A US jury has decided that Donald Trump sexually abused writer E Jean Carroll in the 1990s and then defamed her by calling her a liar, dealing a legal blow to the former US president as he seeks re-election in 2024.
The decision was read aloud in a federal court in Manhattan on Tuesday afternoon, just hours after jurors began deliberating during a seven-day civil trial.
Carroll claimed the former US president sexually assaulted her in a New York City department store in the mid-1990s and then defamed her in a 2019 memoir by dismissing her story as a “con job.”
The ex-president was found not guilty of rape by a nine-member jury on Tuesday, but he was found liable for sexual assault and slander, according to The New York Times, CNN, and other US news agencies.
The jury decided to award the former Elle magazine contributor $5 million in compensation and punitive damages. Trump faces no criminal charges because this was a civil matter.

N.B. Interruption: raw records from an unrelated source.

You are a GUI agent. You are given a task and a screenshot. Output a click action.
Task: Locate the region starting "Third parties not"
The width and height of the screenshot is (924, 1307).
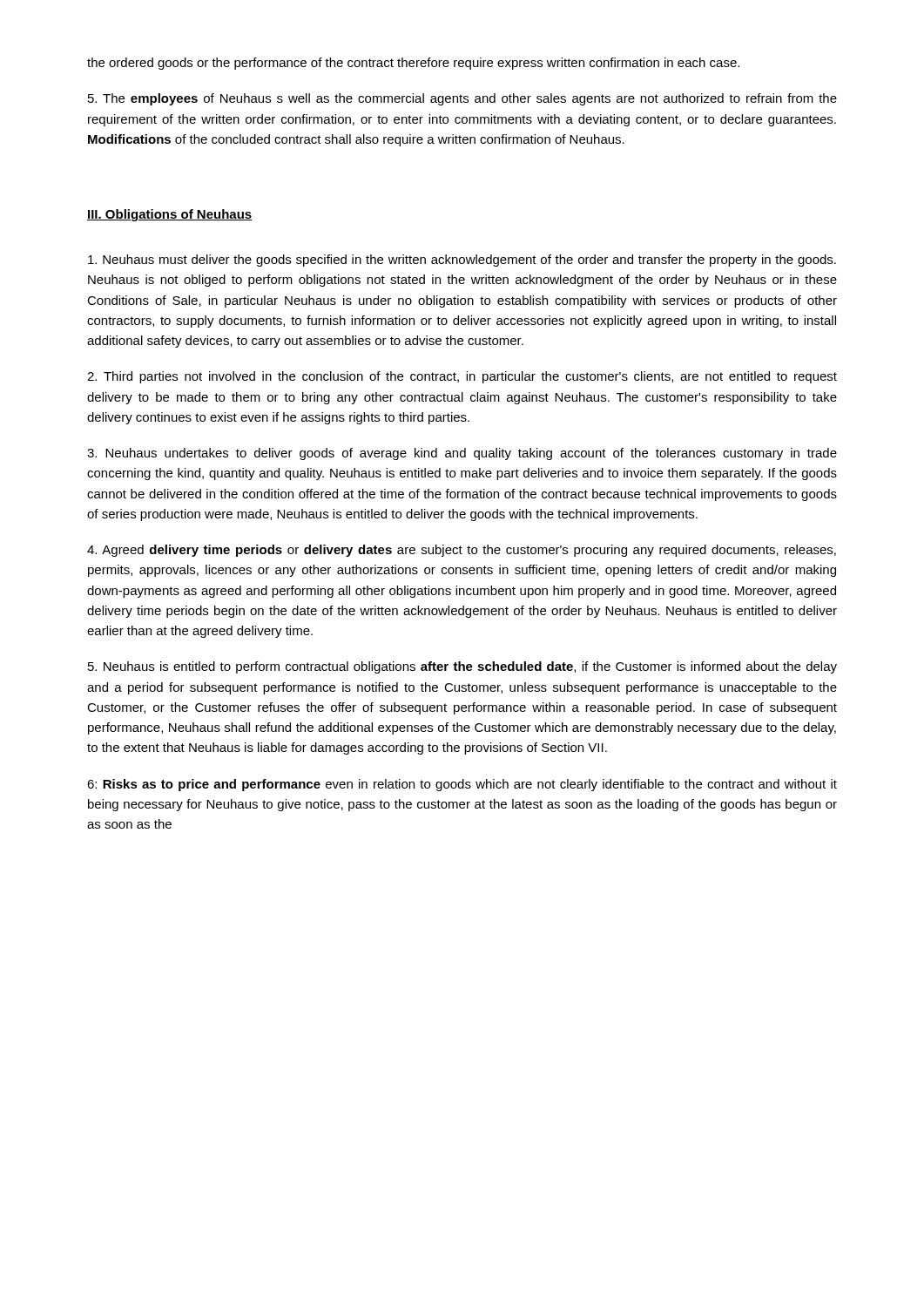tap(462, 396)
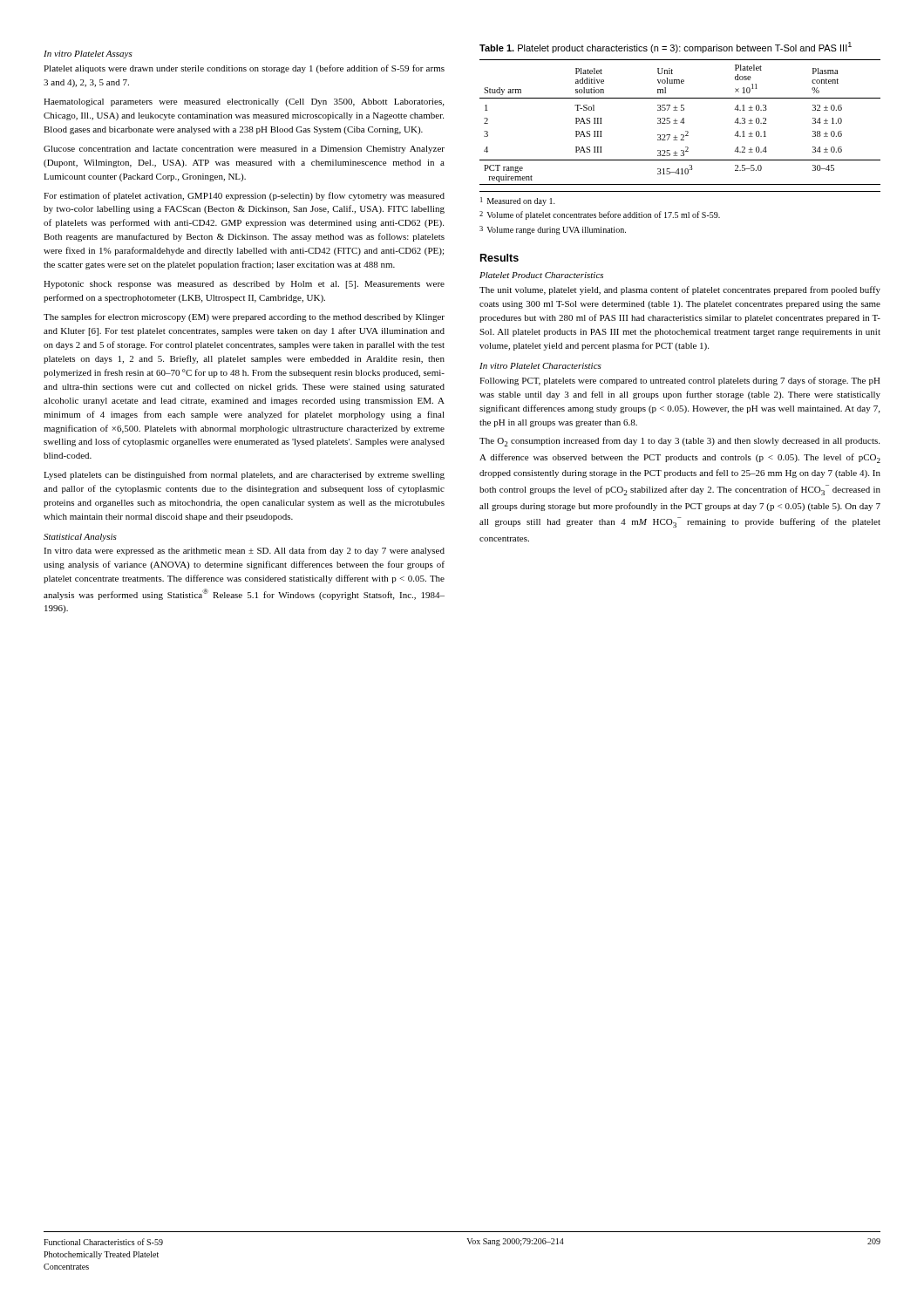Screen dimensions: 1308x924
Task: Click the passage that begins "The unit volume,"
Action: pyautogui.click(x=680, y=317)
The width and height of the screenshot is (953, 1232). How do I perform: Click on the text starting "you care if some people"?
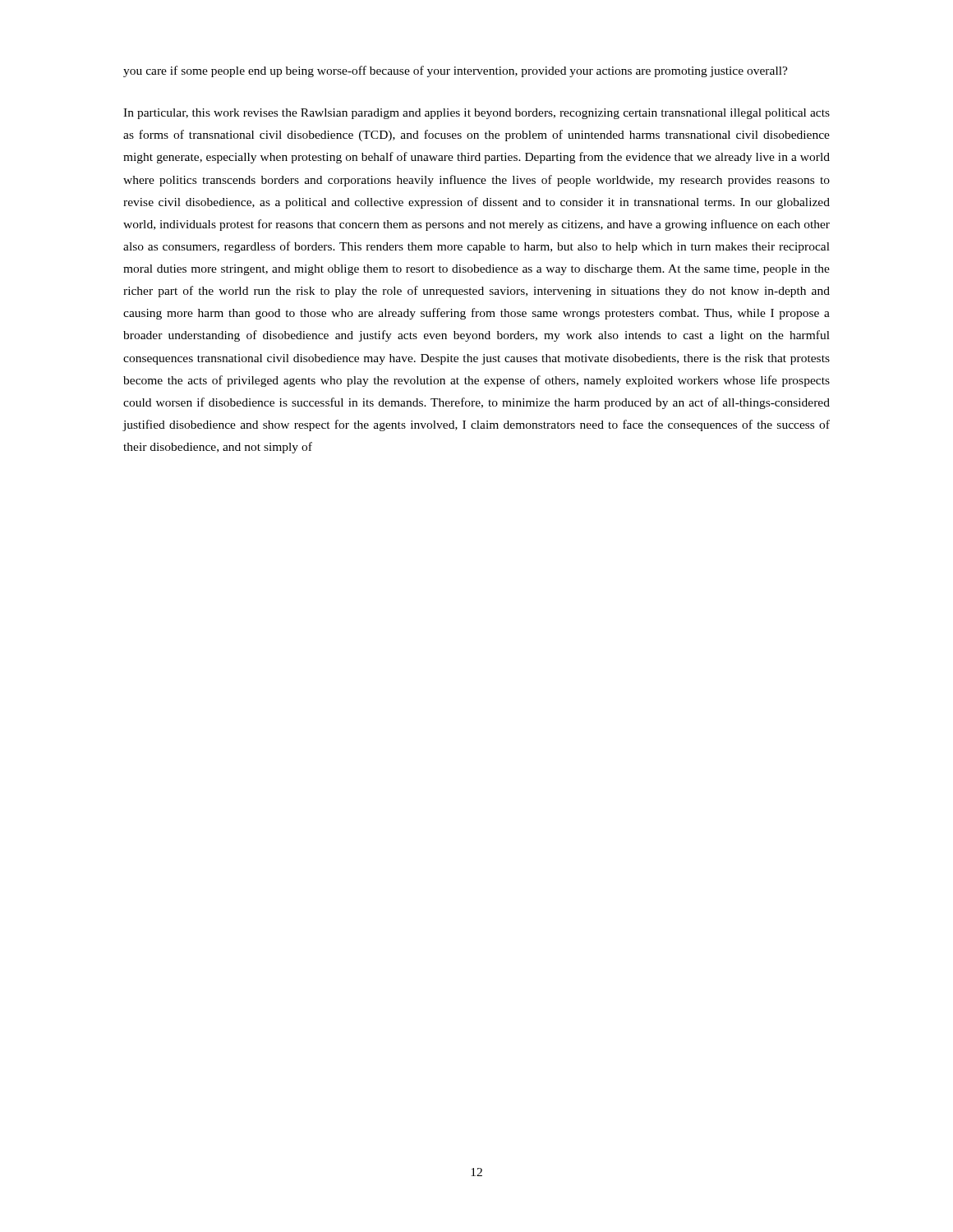coord(455,70)
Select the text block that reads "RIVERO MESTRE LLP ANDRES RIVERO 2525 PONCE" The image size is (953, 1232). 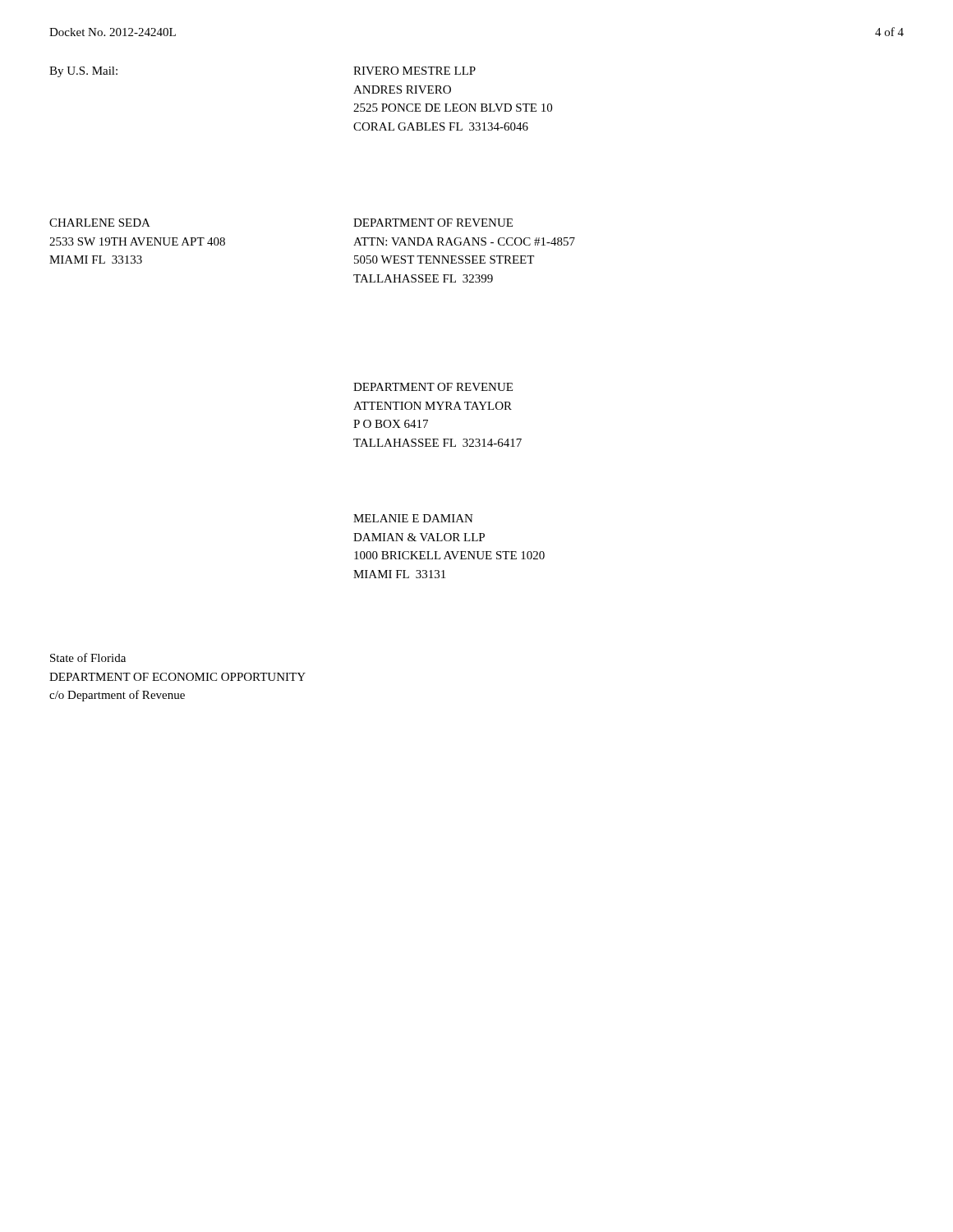pos(453,99)
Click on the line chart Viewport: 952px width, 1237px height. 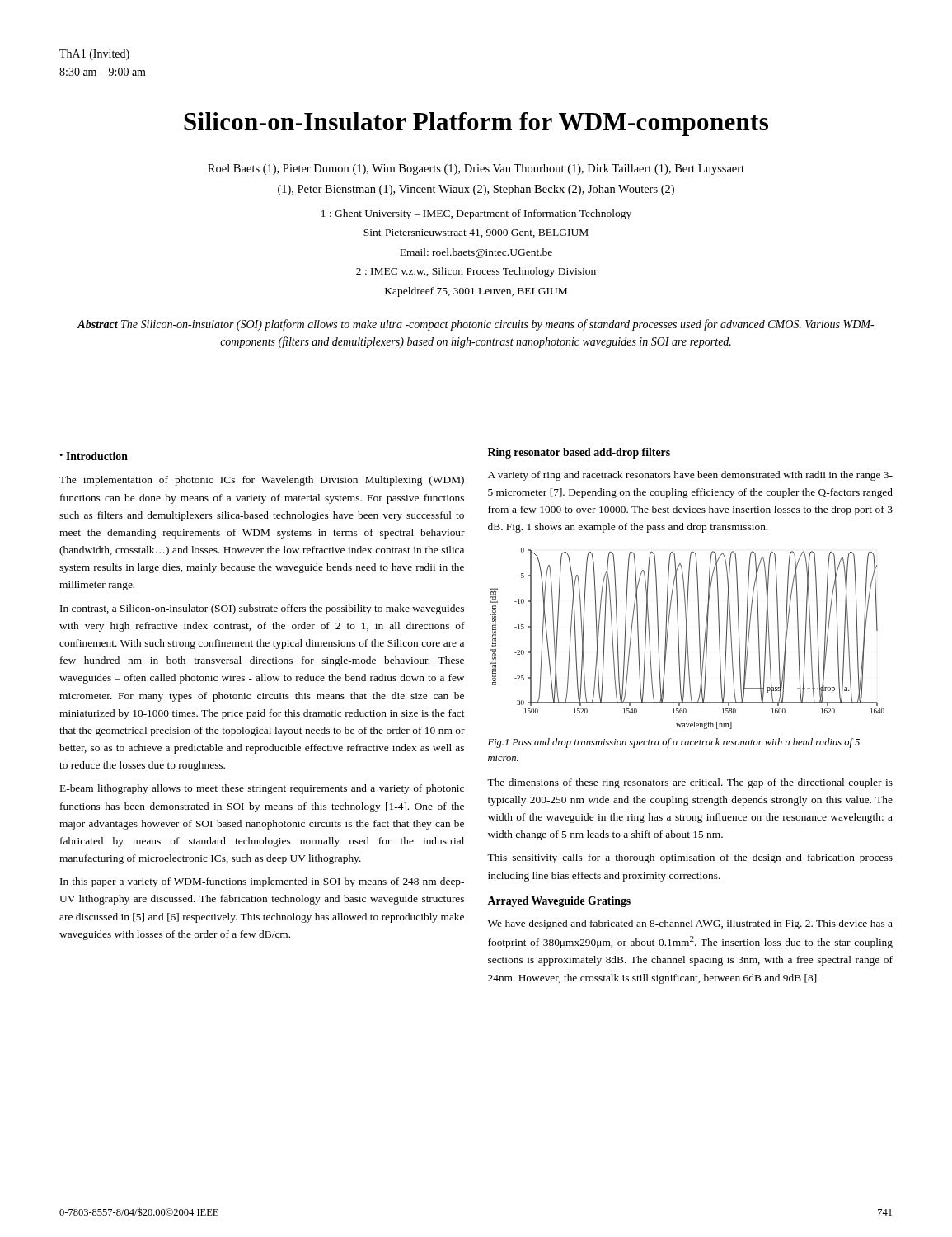[690, 637]
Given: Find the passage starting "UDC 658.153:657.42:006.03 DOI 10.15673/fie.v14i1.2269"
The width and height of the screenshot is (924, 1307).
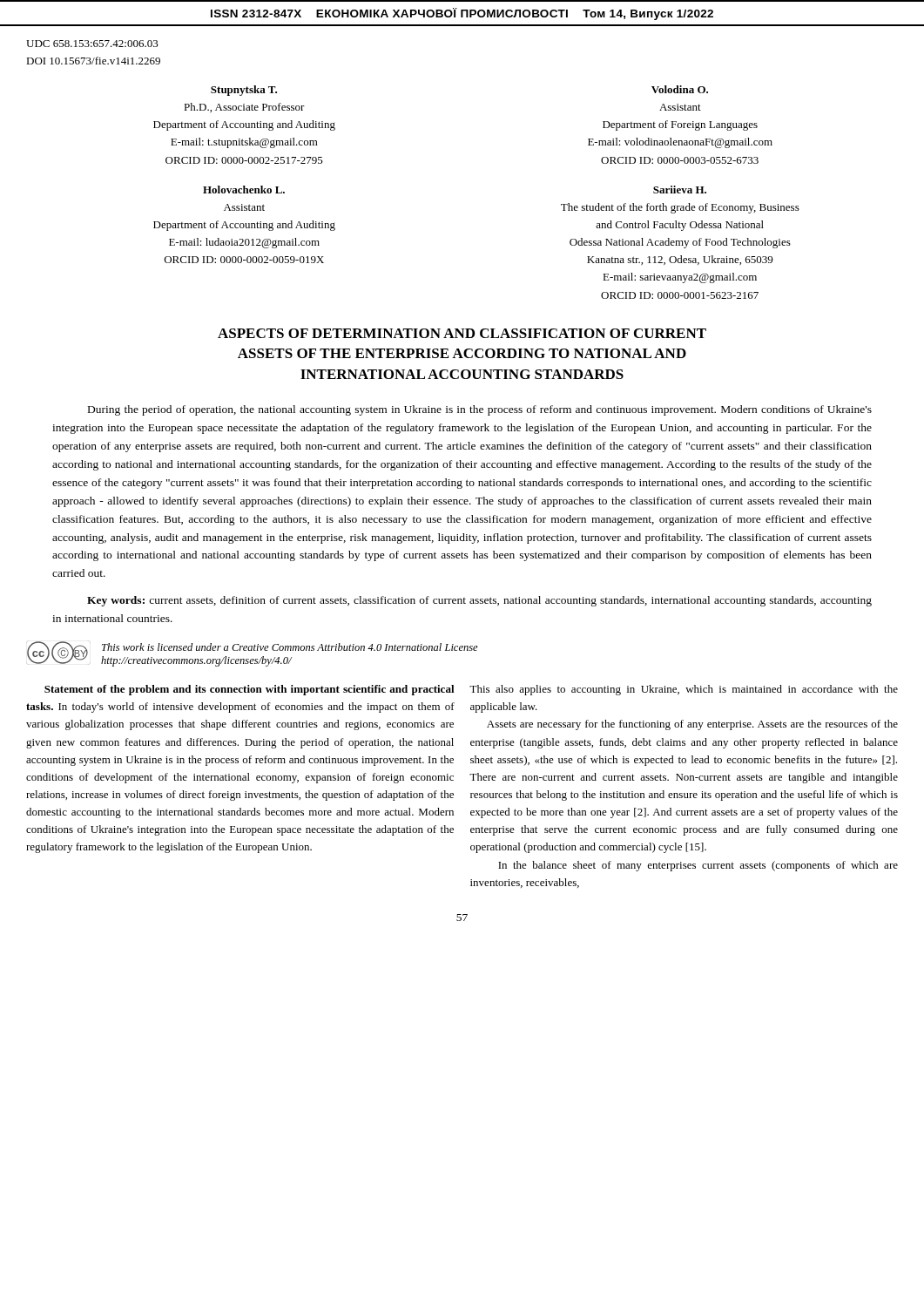Looking at the screenshot, I should click(x=93, y=52).
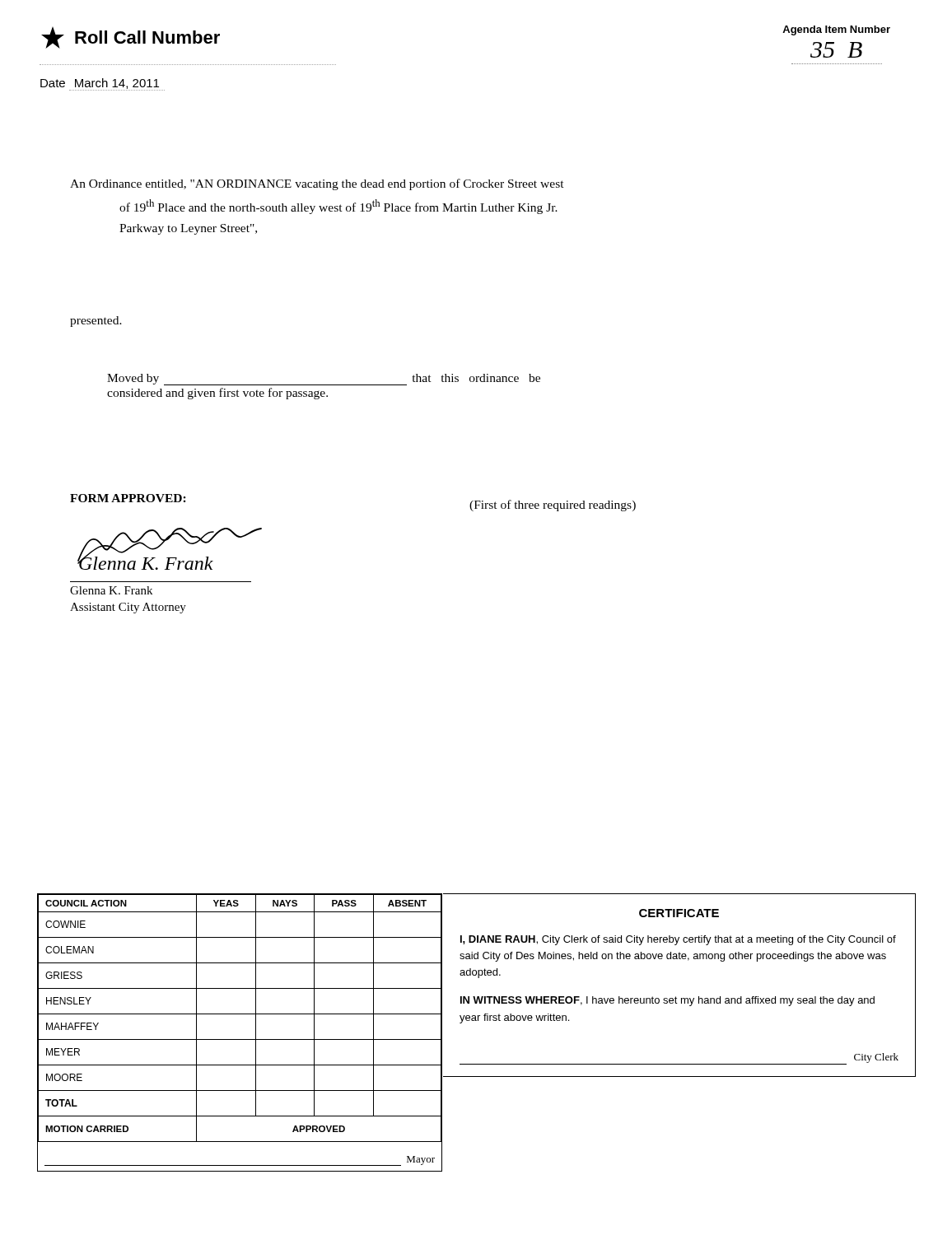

On Tuesday, his spokesman, Steven Cheung, stated that the former president would file an appeal. That is, he will not be required to pay the awarded damages as long as the judgement is disputed in court.
Trump, who did not attend the New York trial, dismissed Carroll’s charges as part of a political smear campaign to boost sales of her 2019 biography.
Trump promptly responded on Twitter, claiming yet again that he does not know Carroll and calling Tuesday’s decision “a disgrace” and “a continuation of the greatest witch hunt of all time.”
The former president is now facing criminal charges in New York for a hush-money payment made to a porn star in 2016, as well as a Justice Department probe into his alleged mishandling of secret data.